⟨

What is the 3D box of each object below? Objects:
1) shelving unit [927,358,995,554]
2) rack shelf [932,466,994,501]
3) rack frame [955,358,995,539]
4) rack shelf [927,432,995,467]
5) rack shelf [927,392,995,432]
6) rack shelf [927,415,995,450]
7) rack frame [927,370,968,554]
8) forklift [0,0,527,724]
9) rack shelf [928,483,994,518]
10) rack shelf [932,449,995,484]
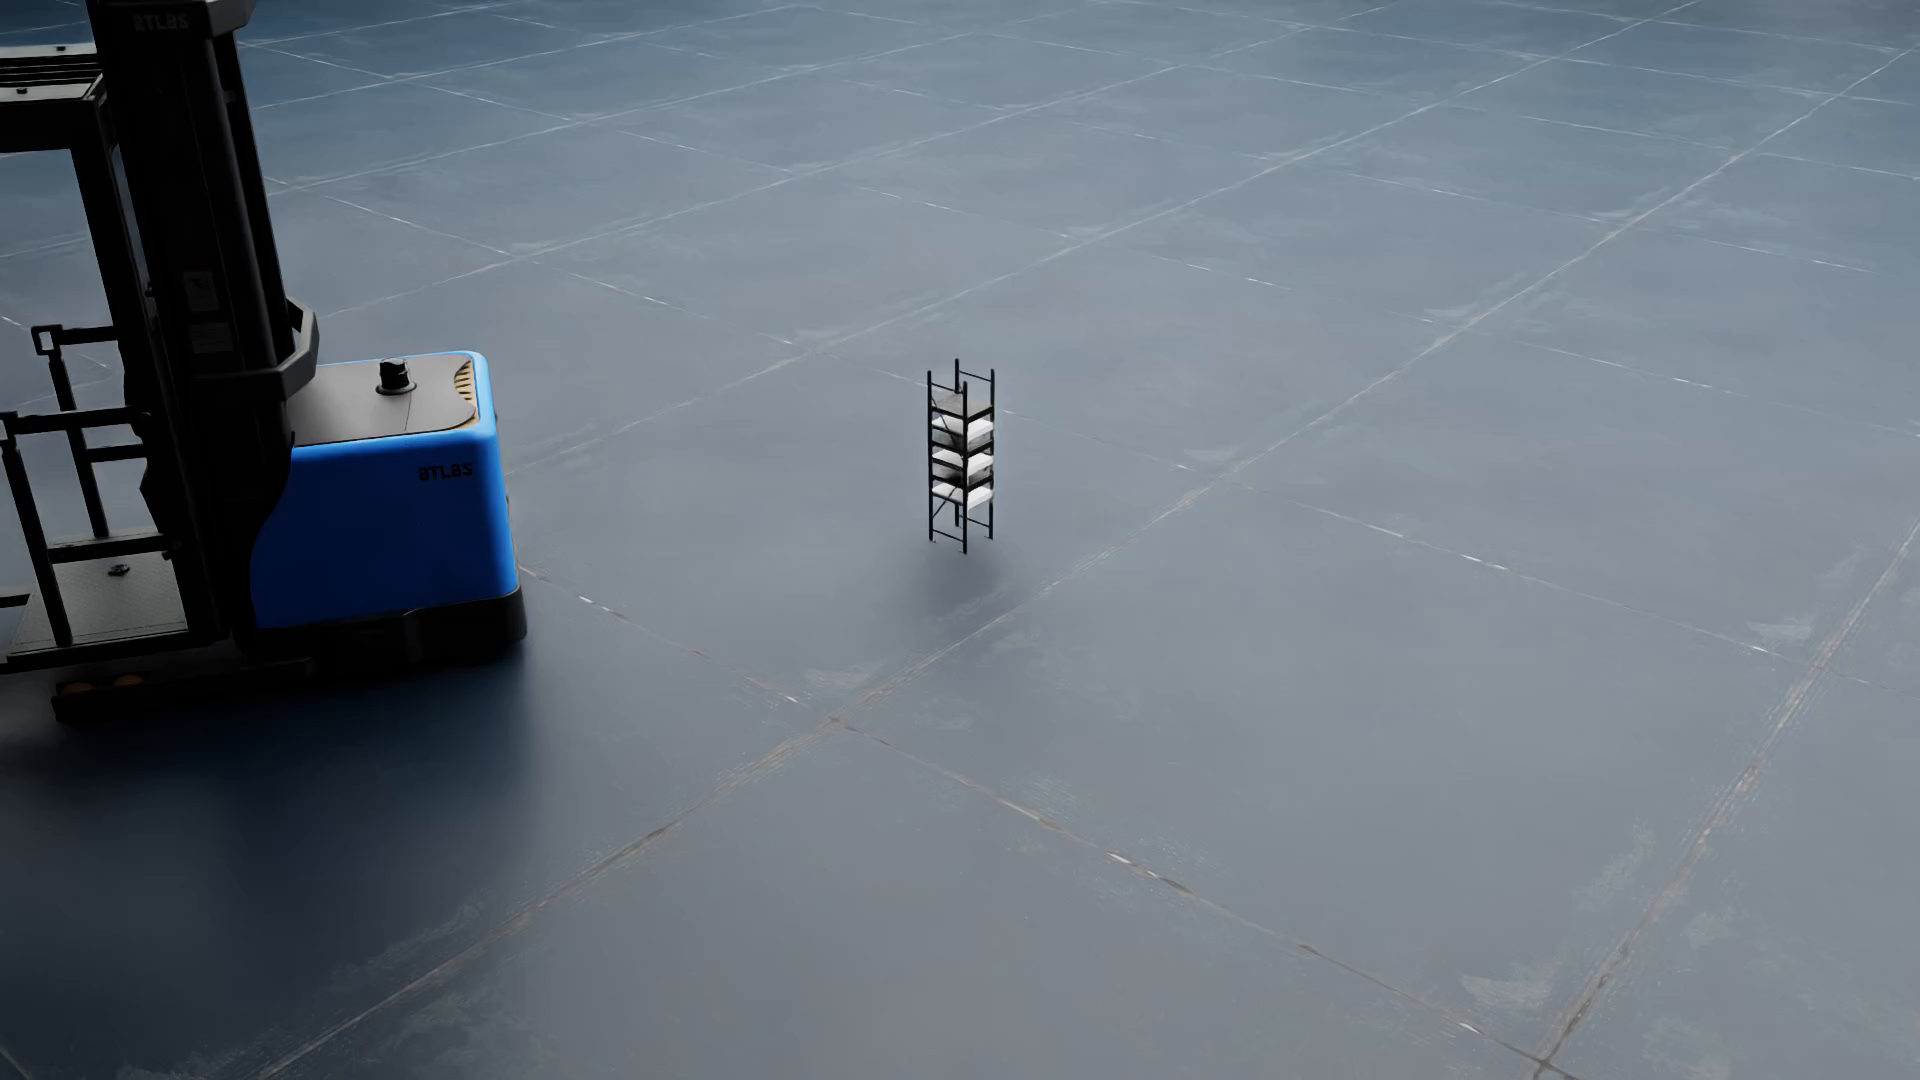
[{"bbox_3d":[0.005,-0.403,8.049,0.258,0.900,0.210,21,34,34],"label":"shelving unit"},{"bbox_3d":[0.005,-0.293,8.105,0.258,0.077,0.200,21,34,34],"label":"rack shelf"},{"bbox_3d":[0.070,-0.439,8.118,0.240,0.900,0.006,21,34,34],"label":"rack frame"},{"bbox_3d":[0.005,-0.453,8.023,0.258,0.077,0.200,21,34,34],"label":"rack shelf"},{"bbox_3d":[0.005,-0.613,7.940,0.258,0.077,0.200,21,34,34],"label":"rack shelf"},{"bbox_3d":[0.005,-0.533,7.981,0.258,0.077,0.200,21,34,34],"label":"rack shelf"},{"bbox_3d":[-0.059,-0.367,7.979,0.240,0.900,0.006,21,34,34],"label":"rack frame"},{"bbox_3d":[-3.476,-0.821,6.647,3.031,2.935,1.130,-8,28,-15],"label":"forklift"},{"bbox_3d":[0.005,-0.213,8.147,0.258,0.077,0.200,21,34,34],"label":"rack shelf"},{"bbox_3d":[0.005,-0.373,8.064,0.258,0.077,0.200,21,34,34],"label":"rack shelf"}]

⟩
⟨

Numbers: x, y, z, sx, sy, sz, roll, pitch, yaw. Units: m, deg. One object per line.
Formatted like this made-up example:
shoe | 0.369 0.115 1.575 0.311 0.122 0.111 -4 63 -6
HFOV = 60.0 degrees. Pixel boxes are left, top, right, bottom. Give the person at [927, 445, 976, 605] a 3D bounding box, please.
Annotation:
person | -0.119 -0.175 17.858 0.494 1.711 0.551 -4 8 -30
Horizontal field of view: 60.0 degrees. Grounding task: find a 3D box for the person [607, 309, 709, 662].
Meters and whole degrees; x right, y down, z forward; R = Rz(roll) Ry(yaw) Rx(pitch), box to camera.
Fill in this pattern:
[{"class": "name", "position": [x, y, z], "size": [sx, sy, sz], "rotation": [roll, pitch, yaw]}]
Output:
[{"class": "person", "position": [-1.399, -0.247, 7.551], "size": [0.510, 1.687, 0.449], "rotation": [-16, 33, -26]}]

⟩
⟨

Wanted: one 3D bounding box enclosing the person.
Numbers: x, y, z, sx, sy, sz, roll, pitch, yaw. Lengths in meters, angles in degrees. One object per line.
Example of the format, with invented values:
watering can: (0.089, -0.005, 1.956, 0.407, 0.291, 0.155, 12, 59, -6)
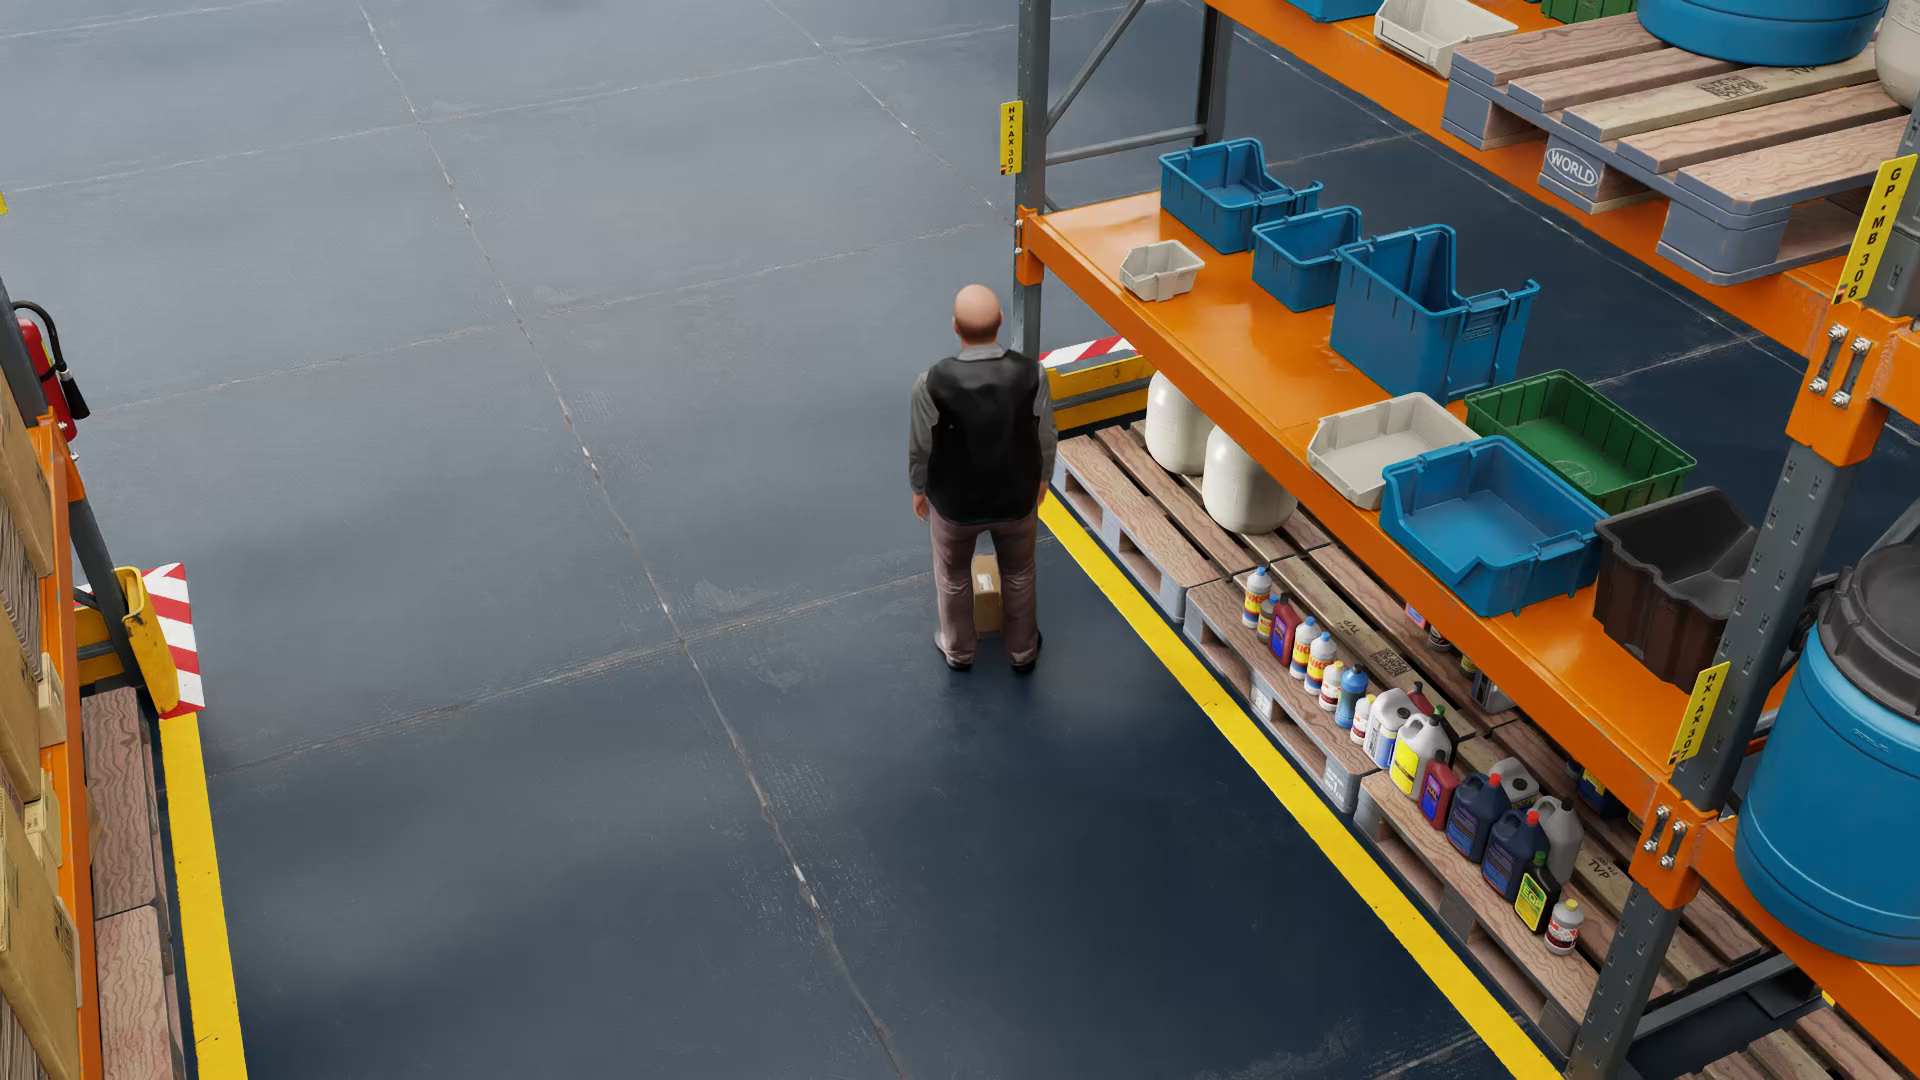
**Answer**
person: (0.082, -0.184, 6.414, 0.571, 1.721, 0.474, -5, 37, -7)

⟩

Output only an exact transcription of the lines above from the one with "What is the" up to and including the one with "9) rack shelf [928,483,994,518]".

§ Output of the task
What is the 3D box of each object below? Objects:
1) shelving unit [927,358,995,554]
2) rack shelf [932,466,994,501]
3) rack frame [955,358,995,539]
4) rack shelf [927,432,995,467]
5) rack shelf [927,392,995,432]
6) rack shelf [927,415,995,450]
7) rack frame [927,370,968,554]
8) forklift [0,0,527,724]
9) rack shelf [928,483,994,518]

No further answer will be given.